Psh, old news. This is ice19. But please no one drop it in the ocean. Just to be safe.
I see they've discovered my ex-wife's heart.
ex-wife: "sorry you're not hot enough, unlike the next neighbourhood chad"
That never pans out well (for her)
Are you Surtur?
Oof. Sounds like you had a rough time of it :(
this is badass.. there might be multiple layers made of different phases of this superionic H2O "metal", which generates convection currents of this stuff.. Neptune and Uranus are weird inside..
Check out this planet shamer right here.
You’re weird inside, all gooey, goopy, and icky looking.
He aaid your anus was weird inside....
i draw the line at keeping multiple phases of metallic water inside you, brother.. that definitely makes you alien, and i'm pointing my finger and going "WTF", i don't care if that makes me a planet fascist..
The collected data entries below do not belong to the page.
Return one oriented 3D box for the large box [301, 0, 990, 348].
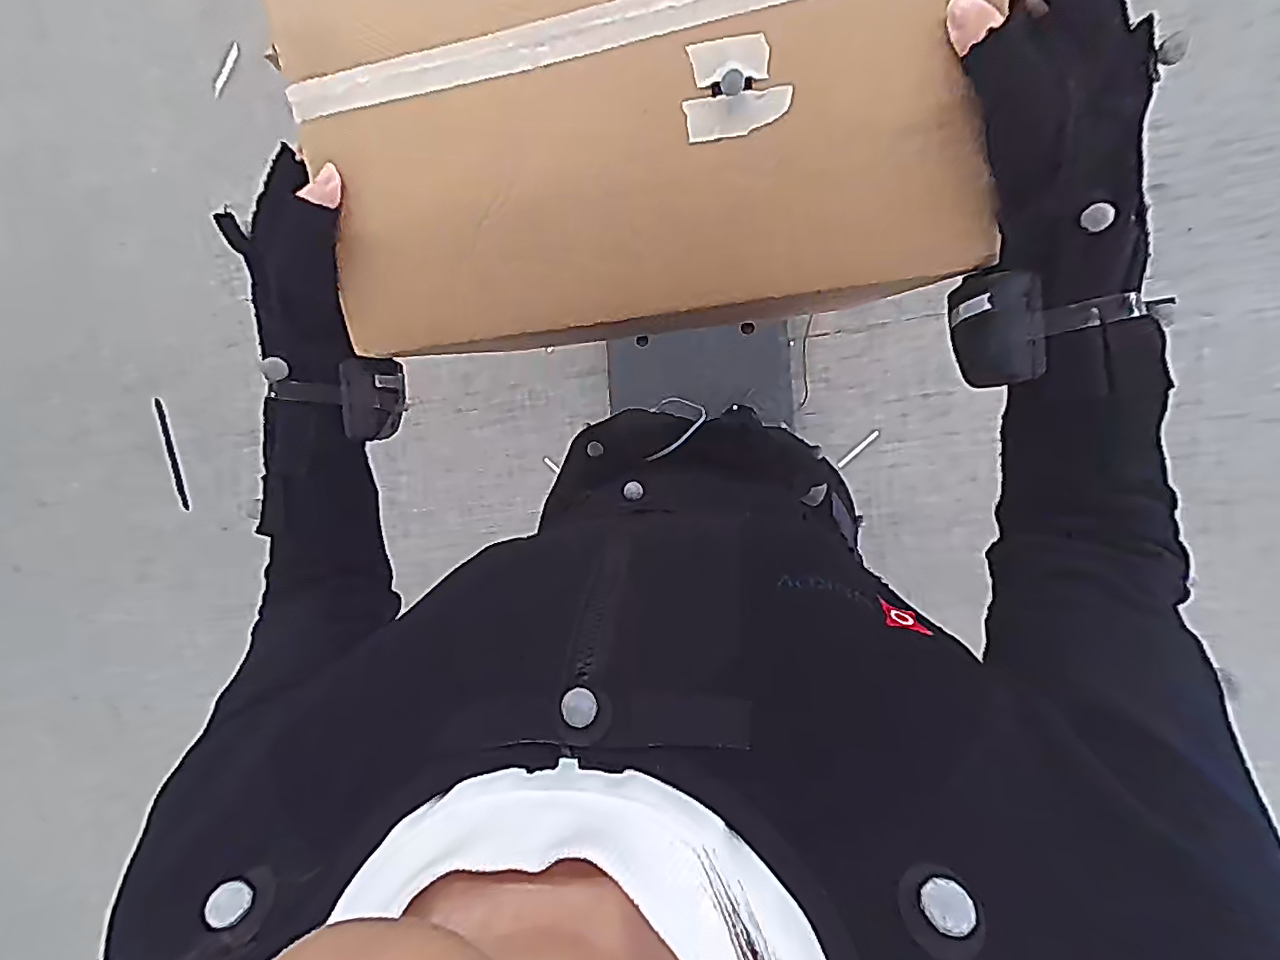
[{"bbox_3d":[0.009,-0.298,0.460,0.408,0.320,0.320,-6,104,10],"label":"large box"}]
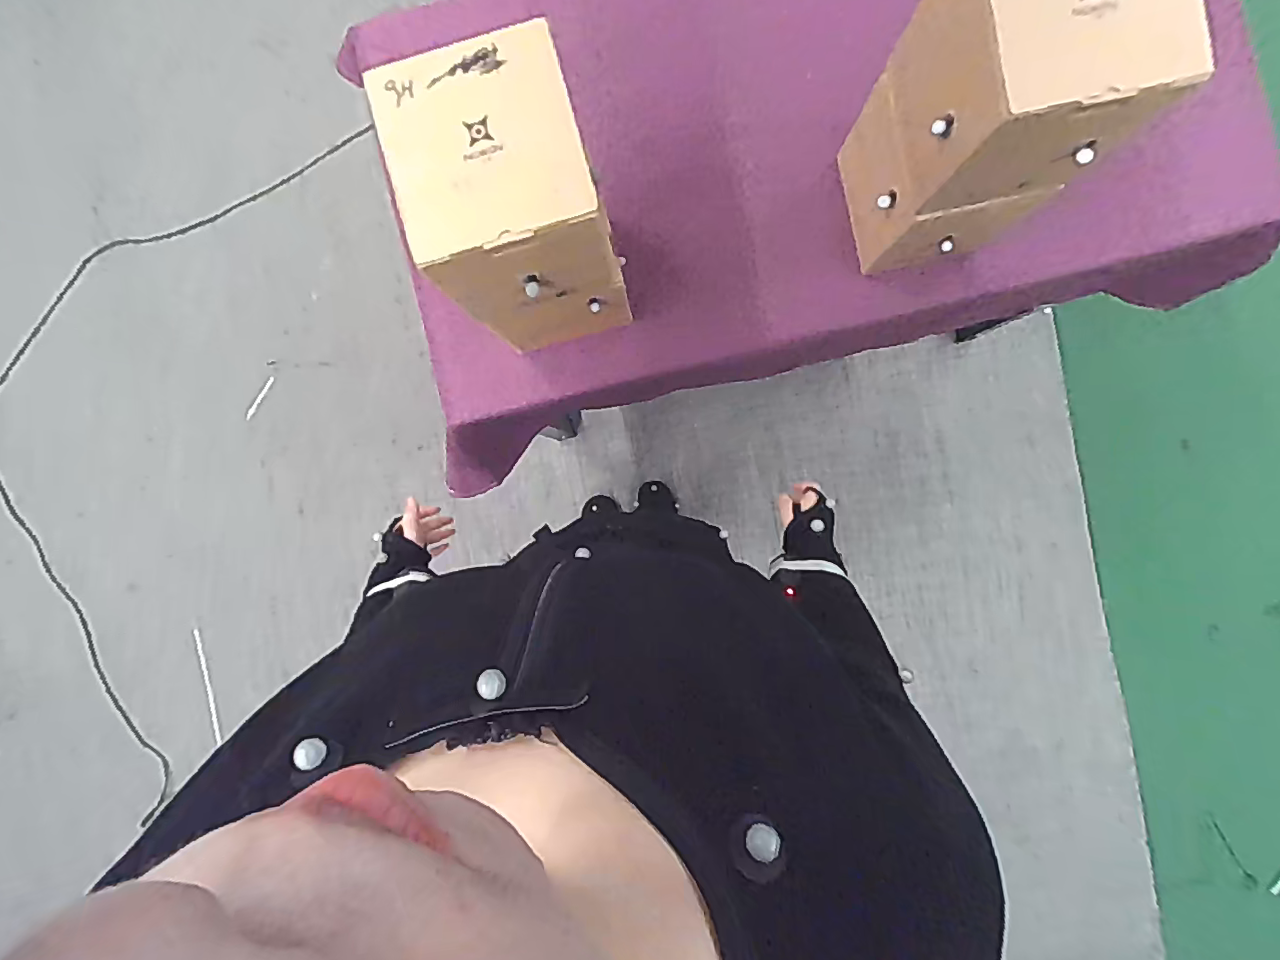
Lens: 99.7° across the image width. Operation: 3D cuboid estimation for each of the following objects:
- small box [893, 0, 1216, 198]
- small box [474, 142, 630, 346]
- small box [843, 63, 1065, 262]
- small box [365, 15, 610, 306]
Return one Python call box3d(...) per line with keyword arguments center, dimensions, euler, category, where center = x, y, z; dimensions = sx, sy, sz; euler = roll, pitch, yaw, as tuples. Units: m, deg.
box3d(center=(0.364, -0.393, 0.509), dimensions=(0.168, 0.176, 0.179), euler=(-10, 90, 3), category="small box")
box3d(center=(-0.119, -0.288, 0.701), dimensions=(0.179, 0.176, 0.168), euler=(-15, 89, 2), category="small box")
box3d(center=(0.373, -0.391, 0.672), dimensions=(0.168, 0.176, 0.179), euler=(-12, 90, 3), category="small box")
box3d(center=(-0.132, -0.289, 0.537), dimensions=(0.168, 0.176, 0.179), euler=(-15, 90, 2), category="small box")

holy shit now that is cool as fuck.
No, it's hot as fuck. Rtfa much?
More like high pressure af! Hbu rtfa much?
The real question is if there is something that can exist and "live" in the parts of the universe that are so unusual and beyond our experience, would we even recognize what it is if we saw it?
Yeah, like https://www.livescience.com/space/mars/nasa-may-have-unknowingly-found-and-killed-alien-life-on-mars-50-years-ago-scientist-claims
It was also discussed on Lemmy. Wish we could link to posts.
Maybe, we understand that self replicating chemical reactions are a thing, that the thing they are is basically a step away from life, and our scientists are looking for such things. Maybe the lay person won’t notice, but scientists may
It’s called IcyHot and they have it at Walmart. Old news
man, the universe is amazing. very neat find.
I mean, at the extremes, a bunch of things start acting weird. Cool gas down enough and it turns liquid, heat it up enough and you get plasma (?), put it under enough pressure and you get liquid (?), send strong currents through materials and they start acting weird too.
What makes this ice though? the structure?
So if we can produce this, can this have a practical use like in freezers/coolers. Or even in drinks? How cold is Ice XVIII and XIX?
Up to 5000K at up to 200 GPa. So to answer your question:
No.
You'd add one cube to cool down your tea and it'd blow up your house.
It's been a long day and somehow this comment really made me laugh. It's so perfect and dumb. I love it.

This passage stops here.